Setup. We implement ContraNorm as a simple normalization layer after each graph convolution of GCN, and evaluate it on fully supervised graph node classification task. For datasets, we choose two popular citation networks Cora (McCallum et al., 2000) and Citeseer (Giles et al., 1998), and Wikipedia article networks Chameleon and Squirrel (Rozemberczki et al., 2021). More information of datasets is deferred to Appendix D. We compare ContraNorm against a popular normalization layer PairNorm (Zhao & Akoglu, 2020) designed for preventing oversmoothing. We also take LayerNorm as a baseline by setting the scale $s=0$. We follow data split setting in Kipf & Welling (2017) with train/validation/test splits of 60%, 20%, 20%, respectively. To keep fair in comparison, we fix the hidden dimension to 32, and dropout rate to 0.6 as reported in Zhao & Akoglu (2020). We choose the best of scale controller $s$ in range of $\{0.2,0.5,0.8,1.0\}$ for both PairNorm and ContraNorm. For PairNorm, we choose the best variant presented by Zhao & Akoglu (2020).

Results. As shown in Table 3, in shallow layers (e.g., two layer), the addition of ContraNorm reduces the accuracy of vanilla GCN by a small margin, while it helps prevent the performance from sharply deteriorating as the layer goes deeper. ContraNorm outperforms PairNorm and LayerNorm in the power of de-oversmoothing. Here, we show the staple in diluting oversmoothing is ContraNorm, and LayerNorm alone fails to prevent GCN from oversmoothing, even amplifying the negative effect on Cora with more than 16 layers.
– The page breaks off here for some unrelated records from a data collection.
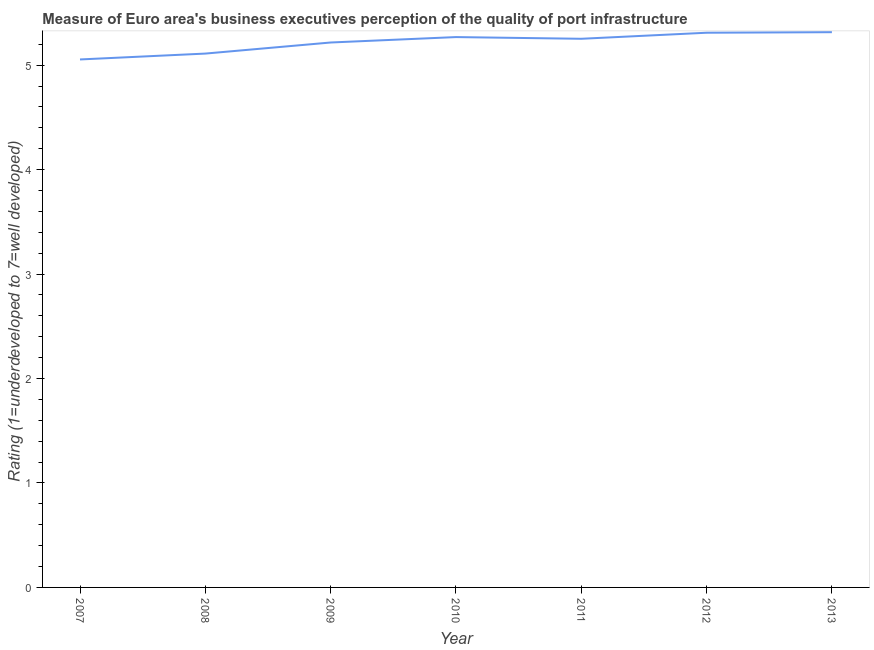What is the rating measuring quality of port infrastructure in 2007?
Your answer should be very brief. 5.05. Across all years, what is the maximum rating measuring quality of port infrastructure?
Provide a short and direct response. 5.32. Across all years, what is the minimum rating measuring quality of port infrastructure?
Make the answer very short. 5.05. In which year was the rating measuring quality of port infrastructure minimum?
Keep it short and to the point. 2007. What is the sum of the rating measuring quality of port infrastructure?
Offer a terse response. 36.53. What is the difference between the rating measuring quality of port infrastructure in 2007 and 2012?
Make the answer very short. -0.26. What is the average rating measuring quality of port infrastructure per year?
Ensure brevity in your answer.  5.22. What is the median rating measuring quality of port infrastructure?
Your response must be concise. 5.25. What is the ratio of the rating measuring quality of port infrastructure in 2007 to that in 2008?
Provide a succinct answer. 0.99. What is the difference between the highest and the second highest rating measuring quality of port infrastructure?
Provide a short and direct response. 0.01. Is the sum of the rating measuring quality of port infrastructure in 2009 and 2010 greater than the maximum rating measuring quality of port infrastructure across all years?
Give a very brief answer. Yes. What is the difference between the highest and the lowest rating measuring quality of port infrastructure?
Provide a short and direct response. 0.26. How many lines are there?
Make the answer very short. 1. How many years are there in the graph?
Your answer should be compact. 7. What is the difference between two consecutive major ticks on the Y-axis?
Ensure brevity in your answer.  1. What is the title of the graph?
Your answer should be compact. Measure of Euro area's business executives perception of the quality of port infrastructure. What is the label or title of the Y-axis?
Provide a short and direct response. Rating (1=underdeveloped to 7=well developed) . What is the Rating (1=underdeveloped to 7=well developed)  in 2007?
Provide a succinct answer. 5.05. What is the Rating (1=underdeveloped to 7=well developed)  of 2008?
Ensure brevity in your answer.  5.11. What is the Rating (1=underdeveloped to 7=well developed)  of 2009?
Offer a terse response. 5.22. What is the Rating (1=underdeveloped to 7=well developed)  in 2010?
Your answer should be compact. 5.27. What is the Rating (1=underdeveloped to 7=well developed)  of 2011?
Provide a succinct answer. 5.25. What is the Rating (1=underdeveloped to 7=well developed)  of 2012?
Your response must be concise. 5.31. What is the Rating (1=underdeveloped to 7=well developed)  of 2013?
Ensure brevity in your answer.  5.32. What is the difference between the Rating (1=underdeveloped to 7=well developed)  in 2007 and 2008?
Ensure brevity in your answer.  -0.06. What is the difference between the Rating (1=underdeveloped to 7=well developed)  in 2007 and 2009?
Provide a short and direct response. -0.16. What is the difference between the Rating (1=underdeveloped to 7=well developed)  in 2007 and 2010?
Provide a short and direct response. -0.21. What is the difference between the Rating (1=underdeveloped to 7=well developed)  in 2007 and 2011?
Your answer should be compact. -0.2. What is the difference between the Rating (1=underdeveloped to 7=well developed)  in 2007 and 2012?
Keep it short and to the point. -0.26. What is the difference between the Rating (1=underdeveloped to 7=well developed)  in 2007 and 2013?
Provide a short and direct response. -0.26. What is the difference between the Rating (1=underdeveloped to 7=well developed)  in 2008 and 2009?
Give a very brief answer. -0.11. What is the difference between the Rating (1=underdeveloped to 7=well developed)  in 2008 and 2010?
Your answer should be compact. -0.16. What is the difference between the Rating (1=underdeveloped to 7=well developed)  in 2008 and 2011?
Your response must be concise. -0.14. What is the difference between the Rating (1=underdeveloped to 7=well developed)  in 2008 and 2012?
Your response must be concise. -0.2. What is the difference between the Rating (1=underdeveloped to 7=well developed)  in 2008 and 2013?
Your answer should be compact. -0.2. What is the difference between the Rating (1=underdeveloped to 7=well developed)  in 2009 and 2010?
Offer a very short reply. -0.05. What is the difference between the Rating (1=underdeveloped to 7=well developed)  in 2009 and 2011?
Give a very brief answer. -0.04. What is the difference between the Rating (1=underdeveloped to 7=well developed)  in 2009 and 2012?
Offer a very short reply. -0.09. What is the difference between the Rating (1=underdeveloped to 7=well developed)  in 2009 and 2013?
Provide a short and direct response. -0.1. What is the difference between the Rating (1=underdeveloped to 7=well developed)  in 2010 and 2011?
Provide a succinct answer. 0.02. What is the difference between the Rating (1=underdeveloped to 7=well developed)  in 2010 and 2012?
Your response must be concise. -0.04. What is the difference between the Rating (1=underdeveloped to 7=well developed)  in 2010 and 2013?
Make the answer very short. -0.05. What is the difference between the Rating (1=underdeveloped to 7=well developed)  in 2011 and 2012?
Offer a very short reply. -0.06. What is the difference between the Rating (1=underdeveloped to 7=well developed)  in 2011 and 2013?
Provide a short and direct response. -0.06. What is the difference between the Rating (1=underdeveloped to 7=well developed)  in 2012 and 2013?
Give a very brief answer. -0.01. What is the ratio of the Rating (1=underdeveloped to 7=well developed)  in 2007 to that in 2008?
Your response must be concise. 0.99. What is the ratio of the Rating (1=underdeveloped to 7=well developed)  in 2007 to that in 2011?
Offer a terse response. 0.96. What is the ratio of the Rating (1=underdeveloped to 7=well developed)  in 2007 to that in 2012?
Keep it short and to the point. 0.95. What is the ratio of the Rating (1=underdeveloped to 7=well developed)  in 2007 to that in 2013?
Provide a short and direct response. 0.95. What is the ratio of the Rating (1=underdeveloped to 7=well developed)  in 2008 to that in 2010?
Ensure brevity in your answer.  0.97. What is the ratio of the Rating (1=underdeveloped to 7=well developed)  in 2008 to that in 2011?
Offer a terse response. 0.97. What is the ratio of the Rating (1=underdeveloped to 7=well developed)  in 2008 to that in 2012?
Provide a short and direct response. 0.96. What is the ratio of the Rating (1=underdeveloped to 7=well developed)  in 2009 to that in 2011?
Give a very brief answer. 0.99. What is the ratio of the Rating (1=underdeveloped to 7=well developed)  in 2010 to that in 2011?
Your answer should be compact. 1. What is the ratio of the Rating (1=underdeveloped to 7=well developed)  in 2011 to that in 2013?
Keep it short and to the point. 0.99. What is the ratio of the Rating (1=underdeveloped to 7=well developed)  in 2012 to that in 2013?
Ensure brevity in your answer.  1. 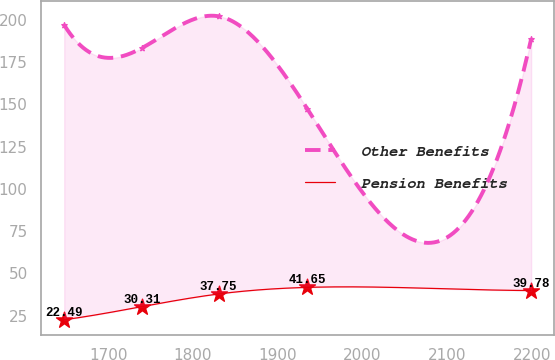<chart> <loc_0><loc_0><loc_500><loc_500><line_chart><ecel><fcel>Other Benefits<fcel>Pension Benefits<nl><fcel>1648.29<fcel>197<fcel>22.49<nl><fcel>1740.44<fcel>183.55<fcel>30.31<nl><fcel>1830.32<fcel>202.18<fcel>37.75<nl><fcel>1934.79<fcel>147.41<fcel>41.65<nl><fcel>2198.6<fcel>188.73<fcel>39.78<nl></chart> 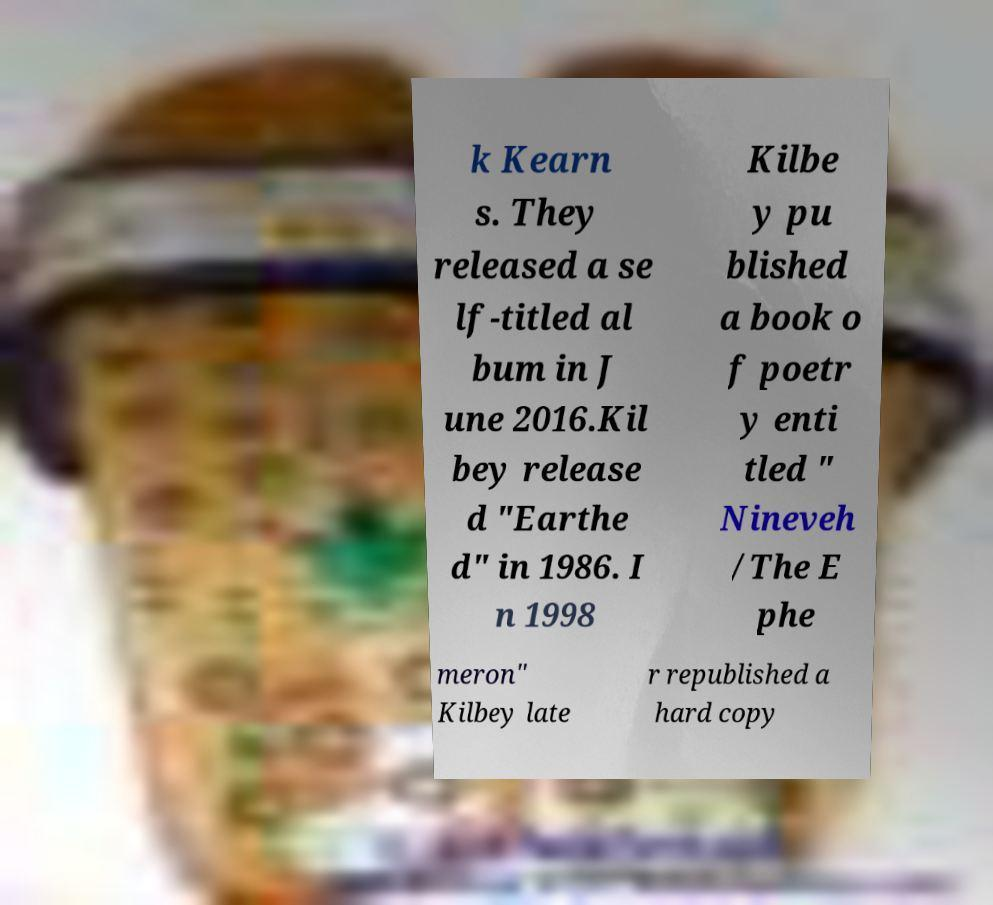Please read and relay the text visible in this image. What does it say? k Kearn s. They released a se lf-titled al bum in J une 2016.Kil bey release d "Earthe d" in 1986. I n 1998 Kilbe y pu blished a book o f poetr y enti tled " Nineveh /The E phe meron" Kilbey late r republished a hard copy

Recalling Section 3.3, we improve ContraNorm with stop-gradient technique (SG) by masking the second term. For solving data representation instability, we apply layer normalization (LN) to the original version, while for the convenience of theoretical analysis, layer normalization is replaced by $L_{2}$ normalization ($L_{2}$N). Here, we investigate the effect of these tricks and the results are shown in Table 4. Compared with the variant with only LayerNorm, ContraNorm with both stop gradient and layer normalization presents better performance. As for the two normalization methods, they are almost comparable to our methods, which verifies the applicability of our theoretical analysis.

In Appendix E.2, we further conduct an ablation study regarding the gains of ContraNorm while using different values of scale factor $s$, and show that ContraNorm is robust in an appropriate range of $s$.